Explainability methods
| Method | Scope | Agnostic? | Notes |
|---|---|---|---|
| SHAP | Local + global aggregates | Model-agnostic (with appropriate explainers) | Shapley-based attributions |
| LIME | Local | Yes | Perturbation around instance |
| Partial dependence | Global marginal effects | Usually model-agnostic | Assumes feature independence (watch correlated features) |
| Feature importance | Global | Tree-native or permutation | Can hide interaction effects |
| Attention weights | Local (tokens/regions) | Transformer-specific | Not always faithful “explanation” |
Model selection trade-offs
| Criterion | Question |
|---|---|
| Accuracy / calibration | Does it meet metric bars on valid slices? |
| Interpretability | Can operators trust and debug it? |
| Latency | p50/p99 within SLA? |
| Cost | Training + inference $ acceptable? |
Treat these as a constraint satisfaction problem: hard gates (latency, compliance) then optimize within the feasible set.
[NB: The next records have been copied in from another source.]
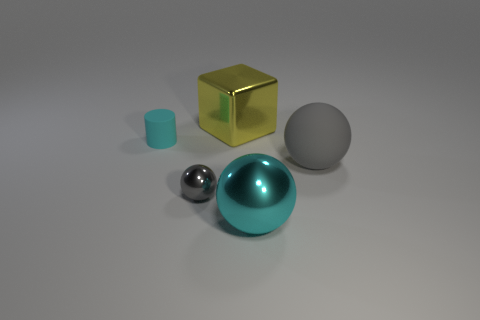Is the color of the big object that is to the right of the cyan metal sphere the same as the tiny thing that is in front of the small cyan cylinder?
Provide a short and direct response. Yes. What number of objects are in front of the matte thing that is behind the gray matte sphere?
Give a very brief answer. 3. Are there any small blue matte cubes?
Your response must be concise. No. How many other objects are there of the same color as the big cube?
Your answer should be compact. 0. Are there fewer big gray rubber things than small yellow matte cylinders?
Your answer should be very brief. No. There is a cyan thing to the right of the large metal thing behind the cylinder; what shape is it?
Ensure brevity in your answer.  Sphere. Are there any big metal things in front of the cyan cylinder?
Ensure brevity in your answer.  Yes. What is the color of the object that is the same size as the gray shiny sphere?
Offer a very short reply. Cyan. How many objects have the same material as the big yellow cube?
Offer a terse response. 2. How many other objects are there of the same size as the gray metal object?
Your answer should be compact. 1. 
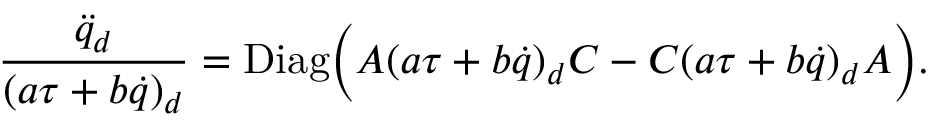Convert formula to latex. <formula><loc_0><loc_0><loc_500><loc_500>{ \frac { { \ddot { q } } _ { d } } { ( a \tau + b \dot { q } ) _ { d } } } = D i a g \left ( A ( a \tau + b \dot { q } ) _ { d } C - C ( a \tau + b \dot { q } ) _ { d } A \right ) .</formula> 
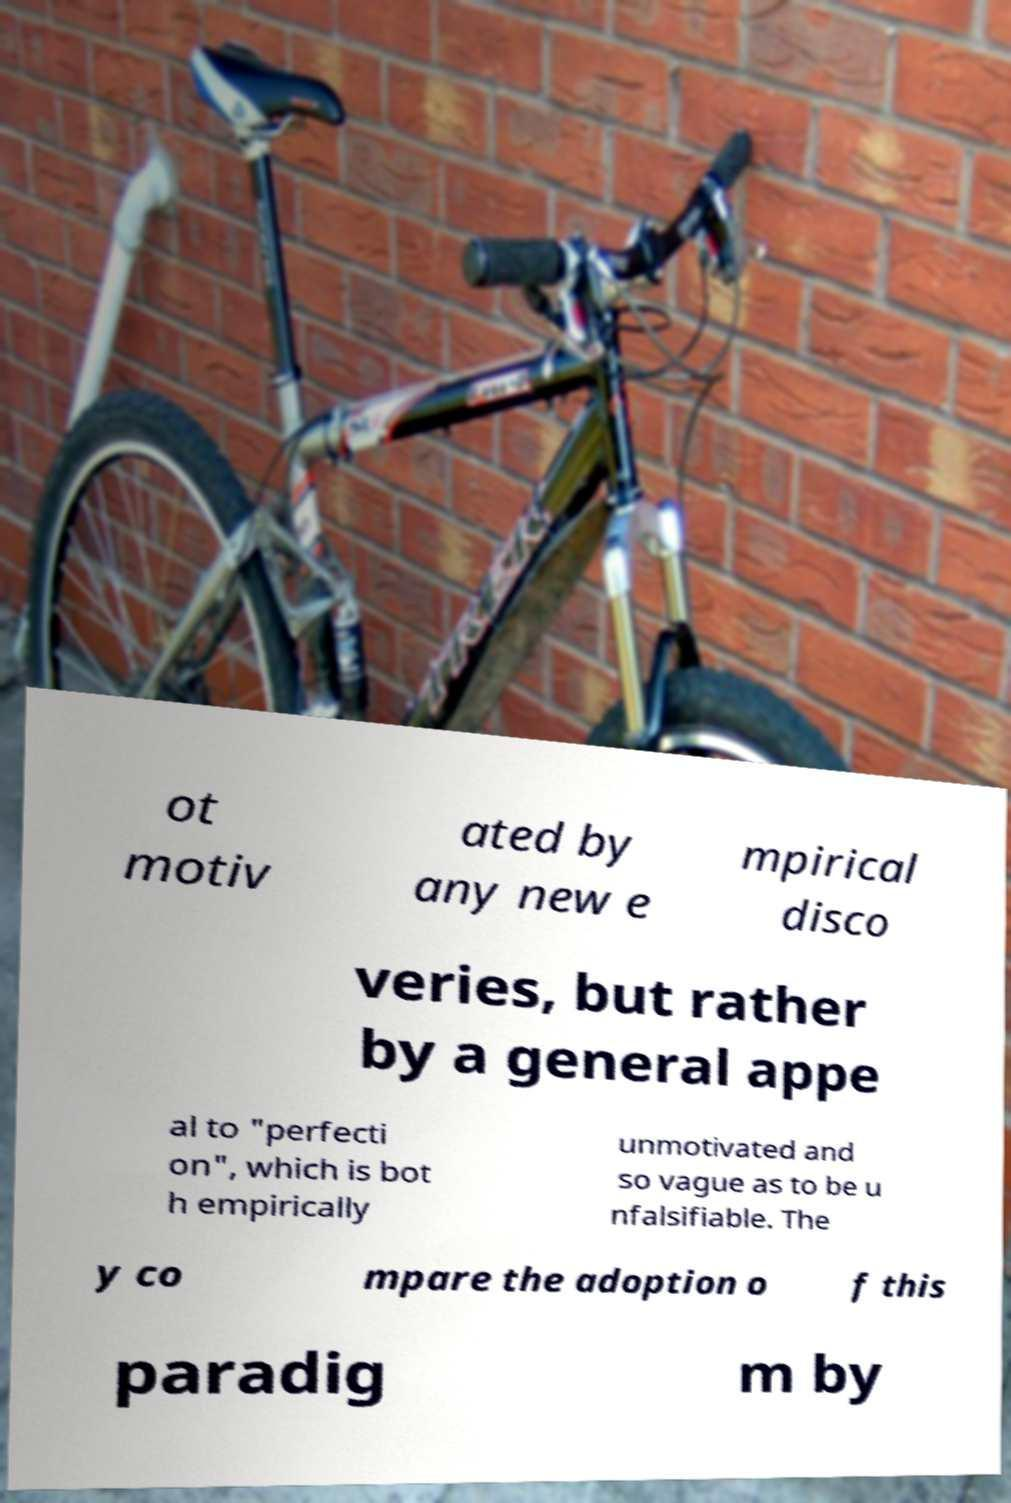Can you read and provide the text displayed in the image?This photo seems to have some interesting text. Can you extract and type it out for me? ot motiv ated by any new e mpirical disco veries, but rather by a general appe al to "perfecti on", which is bot h empirically unmotivated and so vague as to be u nfalsifiable. The y co mpare the adoption o f this paradig m by

Production evaluation patterns
| Pattern | Idea | Comparison |
|---|---|---|
| A/B test | Split users; compare KPIs | Gold standard for causal product impact; needs power |
| Shadow mode | New model scores but does not act | Safe comparison of distributions |
| Interleaving | Interleave ranked lists | Sensitive ranking comparison |
| Bandits | Allocate traffic by ongoing performance | Exploration vs exploitation |
Anti-patterns
| Anti-pattern | Why it hurts |
|---|---|
| Single metric obsession | Hides harm to subgroups or rare failures |
| Leakage in validation | Same preprocessing fit on all data; group leakage |
| Overfitting the validation set | Repeated peeking drives hyperparameters to noise |
| Ignoring fairness | Legal, ethical, and product risk |
External references
- scikit-learn metrics — classification, regression, scoring API.
- Zheng — Evaluating Machine Learning Models — offline vs online evaluation framing.
- Barocas, Hardt, Narayanan — Fairness and Machine Learning — limitations of metrics.
- SHAP documentation — explainers and plots.
Keep project-specific model documentation in docs/product/ and experiment logs in docs/development/, not in this file.